Mein Vorschlag daher: die niederlaendische Nordseekueste

Dort kann man ganz hervorragend im Salzwasser angeln, hat ein Vielzahl moeglicher Spots bei guten Fangaussichten.

Kulinarisch macht NL auch ne Menge her (wenn man Frittiertes mag) und leckeres, belgisches Bier ist immer in Reichweite.

Und falls sie Euch dort mit wuesten, deutschenfeindlichen Beschimpfungen kommen koennt Ihr Euch immer noch rausreden mit "we are from Bavaria, it's a country near Germany, you know"

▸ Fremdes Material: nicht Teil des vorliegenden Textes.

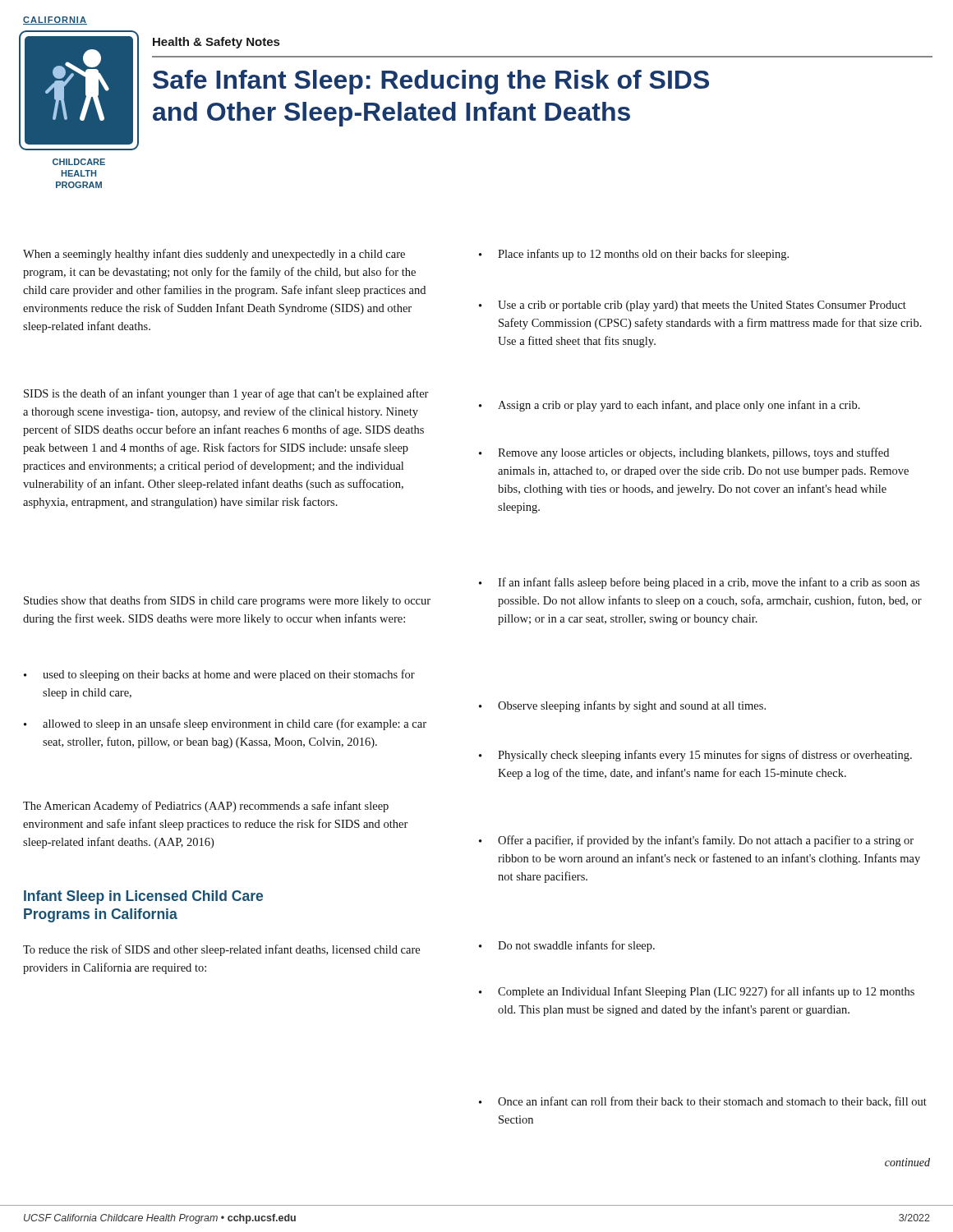Locate the block starting "• Physically check sleeping"
The image size is (953, 1232).
pos(703,764)

Pfueat Euch und viel Spass im hohen Norden.


----------



## Sharky1 (29. Dezember 2014)

*AW: Angeln in der Nordsee*



Spotfight schrieb:


> Erstmal danke für die Antworten.
> 
> Nachdem wirklich jeder von euch uns eher die Ostsee empfiehlt und wir uns eh noch nicht ganz sicher waren wohin, denke ich das wir dann wohl doch eher an die Ostsee fahren.
> 
> ...



Hallo Spotfight

Ich kann dir auch nur die Ostsee empfehlen obwohl ich selber an der Nordsee wohne. Um die Jahreszeit 25.04-03.05 fahr ich nach Kappeln zum Heringsangeln und rauf auf die Ostsee zum Dorschangel.:q Vielleicht sieht man sich, und wenn du Lust hast  kannste ja mal mitfahren.:vik:


----------



## SiggiSorglos (29. Dezember 2014)

*AW: Angeln in der Nordsee*

Fürs erste mal reichen zwei billige Stöcke und rollen mit großen Kern.  Blei von 150-200g reicht meistens.  Vielleicht noch krallenbleie. Ijr braucht von jedem mehrere.  Irgendwas reißt immer ab. Und zwei rutenstaender. Dann vor Fächer wie geschrieben.  


Ps schreibe mit dem Handy deswegen Schreibfehler.


----------